A Review of Low Carbohydrate Dieting for Beginners

by Maggie Ball

A casual glance through the pages of any woman's magazine will reveal a myriad of diets. Low fat, high fat, low protein, high protein diets based on grapefruits, on eating no fruit, eating lots of fruit, on food combinations, or food avoidance. Most of these diets contradict one another, and some are dangerously low in protein, calories, vitamins, and/or minerals. If you have a few pounds or kilos to shed, how do you choose? Where do you begin?

As a PhD qualified health educator, researcher, exercise physiologist, and writer with more than 20 years in health sciences, Tanya Zilberter is as qualified as anyone to guide would be slimmers. She runs three very popular diet focused web sites: dietandbody.com, DietAndBody.com, and BestLowCarbs.com, and Dr Zilberter's eBook Low Carbohydrate Dieting for Beginners, is, as one would expect, a well written, well researched guide to low carbohydrate diets. While I'm quite familiar with the FDA requirements, and was raised by a health conscious fanatic vegetarian, occasional macrobiotic, raw food, chew counting new age mother, I must say that the concept of a low carbohydrate diet was new to me. The basic premise for low carbohydrate diets is that the body will always burn carbohydrates first since it is the body's preferred fuel, and then burn fats second. Therefore a high carbohydrate diet will limit fat burning.

Zilberter's book covers this point in more detail, along with information on what a low carbohydrate diet is, and a detailed look at the different types of low carbohydrate diets, including ketogenic diets (high fat, low protein, low carbohydrates), the Atkins diet, Carbohydrate Addict Diet, Neanderthin, Protein Power, The Schwarzbein principle, Sugar Busters, and The Zone Diet. The book is well written and easy to understand, with plenty of references to back up the statements, along with anecdotal evidence of people who have benefited from specific diets, diet comparisons, typical menus, testimonials, food charts, proponents, and opponents, trends, and why the FDA guidelines, which contradict much of what the proponents of low-carb diets state, may not be appropriate for everyone.

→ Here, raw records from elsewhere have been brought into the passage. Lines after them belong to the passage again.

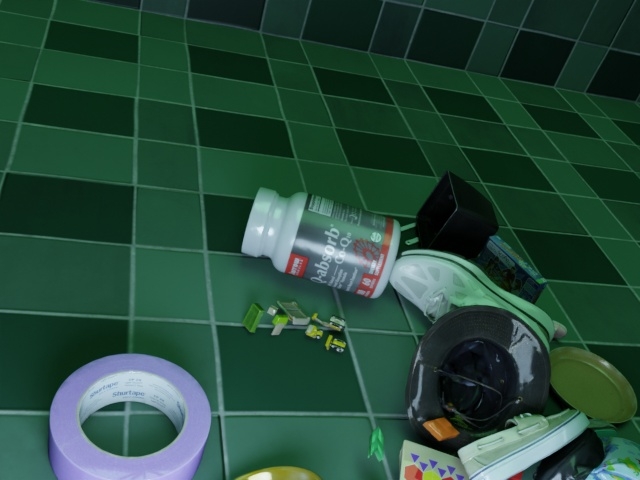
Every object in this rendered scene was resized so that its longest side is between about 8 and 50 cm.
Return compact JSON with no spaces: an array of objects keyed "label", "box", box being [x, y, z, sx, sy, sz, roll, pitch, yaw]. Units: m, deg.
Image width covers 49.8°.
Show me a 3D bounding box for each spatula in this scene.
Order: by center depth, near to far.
[{"label":"spatula","box":[0.333,-0.016,2.054,0.242,0.019,0.168,-17,50,-40]}]

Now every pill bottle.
[{"label":"pill bottle","box":[0.000,0.000,1.721,0.362,0.210,0.210,16,36,-3]}]

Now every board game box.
[{"label":"board game box","box":[0.510,0.100,1.879,0.035,0.136,0.201,-10,45,-34]}]

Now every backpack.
[{"label":"backpack","box":[0.604,0.519,1.290,0.355,0.273,0.290,52,17,20]}]

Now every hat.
[{"label":"hat","box":[0.326,0.300,1.480,0.331,0.331,0.134,18,-3,-1]}]

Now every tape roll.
[{"label":"tape roll","box":[-0.339,0.333,1.231,0.274,0.090,0.275,12,36,-9]}]

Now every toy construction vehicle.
[{"label":"toy construction vehicle","box":[0.018,0.215,1.600,0.098,0.035,0.086,19,46,5]}]

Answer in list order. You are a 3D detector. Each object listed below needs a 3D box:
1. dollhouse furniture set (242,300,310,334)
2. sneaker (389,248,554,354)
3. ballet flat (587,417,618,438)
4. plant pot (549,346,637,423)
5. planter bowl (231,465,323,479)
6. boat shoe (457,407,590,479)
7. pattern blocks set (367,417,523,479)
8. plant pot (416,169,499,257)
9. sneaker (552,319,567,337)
[{"label":"dollhouse furniture set","box":[-0.102,0.182,1.593,0.151,0.059,0.076,9,24,-47]},{"label":"sneaker","box":[0.345,0.190,1.658,0.447,0.169,0.257,27,35,7]},{"label":"ballet flat","box":[0.563,0.433,1.538,0.213,0.072,0.068,4,11,-21]},{"label":"plant pot","box":[0.657,0.359,1.692,0.236,0.032,0.236,12,36,-9]},{"label":"planter bowl","box":[-0.086,0.470,1.130,0.217,0.090,0.217,-12,12,3]},{"label":"boat shoe","box":[0.407,0.391,1.362,0.302,0.109,0.094,-18,64,-29]},{"label":"pattern blocks set","box":[0.229,0.474,1.310,0.324,0.026,0.285,27,47,-4]},{"label":"plant pot","box":[0.400,-0.055,1.981,0.167,0.187,0.188,20,37,-14]},{"label":"sneaker","box":[0.575,0.238,1.801,0.134,0.051,0.070,19,37,7]}]
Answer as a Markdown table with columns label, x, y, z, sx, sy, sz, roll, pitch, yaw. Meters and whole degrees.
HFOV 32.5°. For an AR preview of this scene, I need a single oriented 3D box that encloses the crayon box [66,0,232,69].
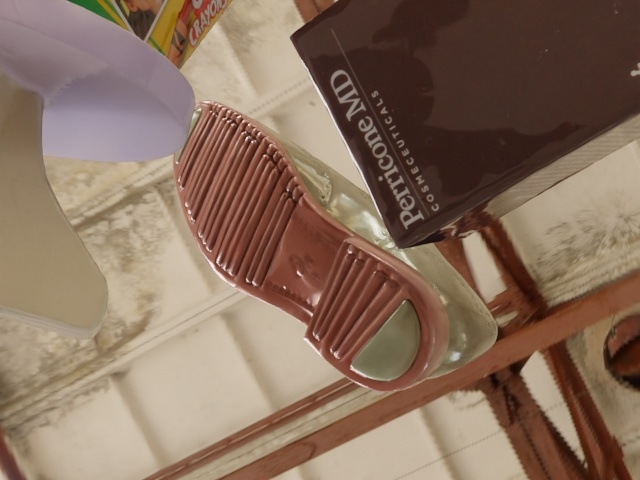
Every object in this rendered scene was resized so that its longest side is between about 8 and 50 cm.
| label | x | y | z | sx | sy | sz | roll | pitch | yaw |
| --- | --- | --- | --- | --- | --- | --- | --- | --- | --- |
| crayon box | -0.169 | -0.306 | 0.883 | 0.106 | 0.363 | 0.313 | 4 | -48 | 21 |

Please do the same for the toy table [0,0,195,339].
| label | x | y | z | sx | sy | sz | roll | pitch | yaw |
| --- | --- | --- | --- | --- | --- | --- | --- | --- | --- |
| toy table | -0.226 | -0.051 | 0.634 | 0.274 | 0.252 | 0.161 | 12 | -112 | 3 |

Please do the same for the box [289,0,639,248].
| label | x | y | z | sx | sy | sz | roll | pitch | yaw |
| --- | --- | --- | --- | --- | --- | --- | --- | --- | --- |
| box | 0.187 | -0.165 | 0.778 | 0.381 | 0.143 | 0.191 | -32 | -101 | 29 |

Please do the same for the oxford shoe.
| label | x | y | z | sx | sy | sz | roll | pitch | yaw |
| --- | --- | --- | --- | --- | --- | --- | --- | --- | --- |
| oxford shoe | 0.000 | 0.000 | 1.047 | 0.397 | 0.146 | 0.140 | 46 | -61 | 32 |

From my own perspective, I must say that the only diet which makes any sense to me is the Schwarzbein diet, which recommends a range of whole "live" foods, including complex carbohydrates, and avoids supplements, which I generally donut believe in, except for pregnant women, and those with specific deficiencies. Certainly I would be personally loath to reduce my intake of good quality whole grains and legumes, however, Zilberter is an expert (and I certainly am not), and her survey is quite thorough and well put, with nice graphics, clear, simple writing, and a very logical and balanced presentation. If you are considering a low-carbohydrate diet, or want to try something a little different from the standard FDA diet of eating lots of complex carbohydrates, fruits and vegetables, and little fat, or, perhaps more importantly, have had difficulty shifting weight using more conventional diet methods, this guide is certainly worth a read.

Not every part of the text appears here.